Data-Derived Modeling Characterizes Plasticity of MAPK Signaling in Melanoma

The majority of melanomas have been shown to harbor somatic mutations in the RAS-RAF-MEK-MAPK and PI3K-AKT pathways, which play a major role in regulation of proliferation and survival. The prevalence of these mutations makes these kinase signal transduction pathways an attractive target for cancer therapy. However, tumors have generally shown adaptive resistance to treatment. This adaptation is achieved in melanoma through its ability to undergo neovascularization, migration and rearrangement of signaling pathways. To understand the dynamic, nonlinear behavior of signaling pathways in cancer, several computational modeling approaches have been suggested. Most of those models require that the pathway topology remains constant over the entire observation period. However, changes in topology might underlie adaptive behavior to drug treatment. To study signaling rearrangements, here we present a new approach based on Fuzzy Logic (FL) that predicts changes in network architecture over time. This adaptive modeling approach was used to investigate pathway dynamics in a newly acquired experimental dataset describing total and phosphorylated protein signaling over four days in A375 melanoma cell line exposed to different kinase inhibitors. First, a generalized strategy was established to implement a parameter-reduced FL model encoding non-linear activity of a signaling network in response to perturbation. Next, a literature-based topology was generated and parameters of the FL model were derived from the full experimental dataset. Subsequently, the temporal evolution of model performance was evaluated by leaving time-defined data points out of training. Emerging discrepancies between model predictions and experimental data at specific time points allowed the characterization of potential network rearrangement. We demonstrate that this adaptive FL modeling approach helps to enhance our mechanistic understanding of the molecular plasticity of melanoma.

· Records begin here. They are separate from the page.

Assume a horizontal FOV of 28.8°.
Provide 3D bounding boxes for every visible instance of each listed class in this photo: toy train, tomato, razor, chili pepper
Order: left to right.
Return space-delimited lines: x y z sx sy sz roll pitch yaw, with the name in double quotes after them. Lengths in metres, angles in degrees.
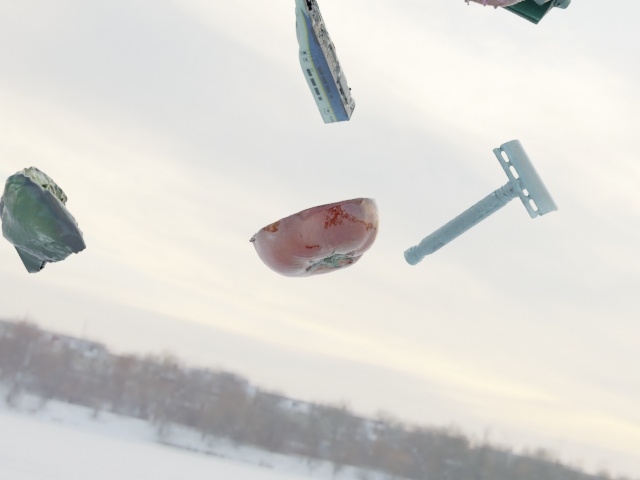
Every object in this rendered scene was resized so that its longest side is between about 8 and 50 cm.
-0.431 -0.033 1.864 0.148 0.116 0.264 54 -4 -13 "chili pepper"
-0.007 -0.285 1.881 0.051 0.052 0.234 -8 -52 23 "toy train"
-0.001 0.003 2.014 0.225 0.085 0.225 -14 -13 -3 "tomato"
0.198 -0.032 1.653 0.232 0.106 0.068 -35 -12 38 "razor"

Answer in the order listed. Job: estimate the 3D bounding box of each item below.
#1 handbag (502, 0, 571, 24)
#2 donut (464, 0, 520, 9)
0.403 -0.531 2.284 0.238 0.326 0.089 32 -38 26 "handbag"
0.205 -0.343 1.537 0.166 0.117 0.065 25 7 -5 "donut"
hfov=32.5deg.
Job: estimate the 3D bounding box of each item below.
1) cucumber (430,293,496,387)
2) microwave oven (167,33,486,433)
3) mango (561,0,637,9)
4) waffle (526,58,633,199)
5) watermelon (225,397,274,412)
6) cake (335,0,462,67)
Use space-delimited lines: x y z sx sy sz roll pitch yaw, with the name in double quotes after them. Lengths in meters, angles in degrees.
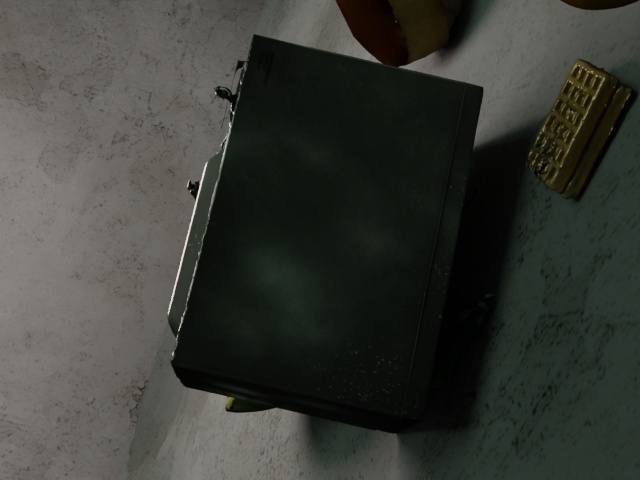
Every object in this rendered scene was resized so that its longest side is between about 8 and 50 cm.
0.172 0.121 1.377 0.155 0.037 0.037 -61 19 26 "cucumber"
0.000 0.000 1.429 0.236 0.374 0.432 111 173 -75 "microwave oven"
0.353 -0.438 1.079 0.300 0.232 0.445 -36 -31 -57 "mango"
0.296 -0.129 1.269 0.102 0.042 0.148 -113 45 -66 "waffle"
-0.047 0.138 1.778 0.331 0.189 0.330 -165 90 -89 "watermelon"
0.147 -0.408 1.815 0.178 0.208 0.185 -41 -31 -16 "cake"
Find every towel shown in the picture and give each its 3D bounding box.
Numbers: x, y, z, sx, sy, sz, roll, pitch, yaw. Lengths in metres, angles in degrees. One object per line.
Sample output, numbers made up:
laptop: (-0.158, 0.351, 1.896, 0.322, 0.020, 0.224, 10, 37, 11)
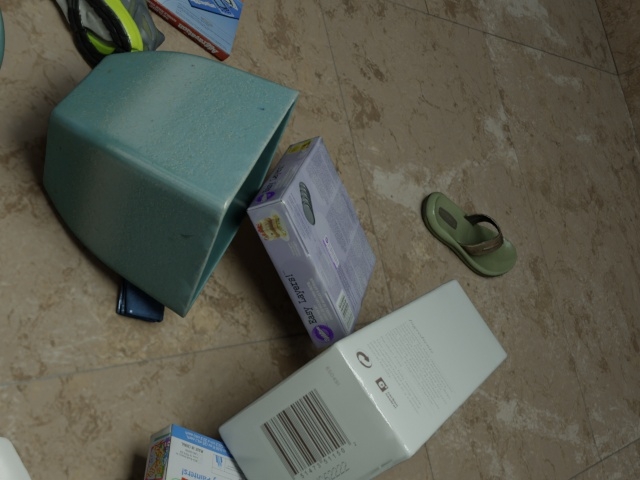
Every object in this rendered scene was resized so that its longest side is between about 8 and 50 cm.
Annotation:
towel: (-0.245, 0.054, 1.079, 0.067, 0.029, 0.119, 21, 59, -39)

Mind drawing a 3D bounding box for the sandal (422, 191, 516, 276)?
sandal: (0.342, -0.011, 1.690, 0.303, 0.086, 0.120, 30, 54, -36)

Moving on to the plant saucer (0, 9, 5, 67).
plant saucer: (-0.522, -0.291, 0.915, 0.318, 0.044, 0.317, 22, 59, -41)

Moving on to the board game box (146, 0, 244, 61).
board game box: (-0.250, -0.432, 1.274, 0.281, 0.027, 0.145, 32, 54, -35)

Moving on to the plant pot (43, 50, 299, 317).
plant pot: (-0.213, -0.101, 1.014, 0.252, 0.247, 0.247, 27, 48, -1)

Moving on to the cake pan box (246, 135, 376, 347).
cake pan box: (0.000, 0.000, 1.218, 0.266, 0.070, 0.245, 64, 27, -24)

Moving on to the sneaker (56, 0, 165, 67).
sneaker: (-0.333, -0.387, 1.125, 0.300, 0.111, 0.121, 65, 31, -13)

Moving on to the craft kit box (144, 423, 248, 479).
craft kit box: (-0.112, 0.384, 0.955, 0.250, 0.061, 0.246, 32, 39, -32)

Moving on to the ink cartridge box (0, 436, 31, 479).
ink cartridge box: (-0.339, 0.401, 0.766, 0.207, 0.119, 0.353, -30, 97, -50)

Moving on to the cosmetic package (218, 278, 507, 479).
cosmetic package: (0.087, 0.215, 1.126, 0.161, 0.230, 0.453, 56, 27, 10)

Signal transduction pathways can be described as static routes, transmitting extrinsic signals to the nucleus to induce a transcriptional response. In contrast to this reductionist view, the emerging paradigm is that signaling networks undergo dynamic crosstalk, both in disease and physiological conditions. To understand complex pathway behavior, it is necessary to develop methods to identify pathway interactions that are active as a consequence of stimuli and, importantly, to describe their evolution in time. To that end, we developed a method relying on prior knowledge networks in order to predict signaling crosstalk evolution, in response to perturbation and over time. The challenge we addressed was to establish a method dependent on information related to the topology of reported interactions, and not their mechanistic characteristics, and at the same time complex enough to reproduce the behavior of the signaling intermediates. The work presented here demonstrates that such an approach can be used to predict mechanisms that melanoma uses to rearrange its signaling and maintain its abnormal proliferation upon treatment.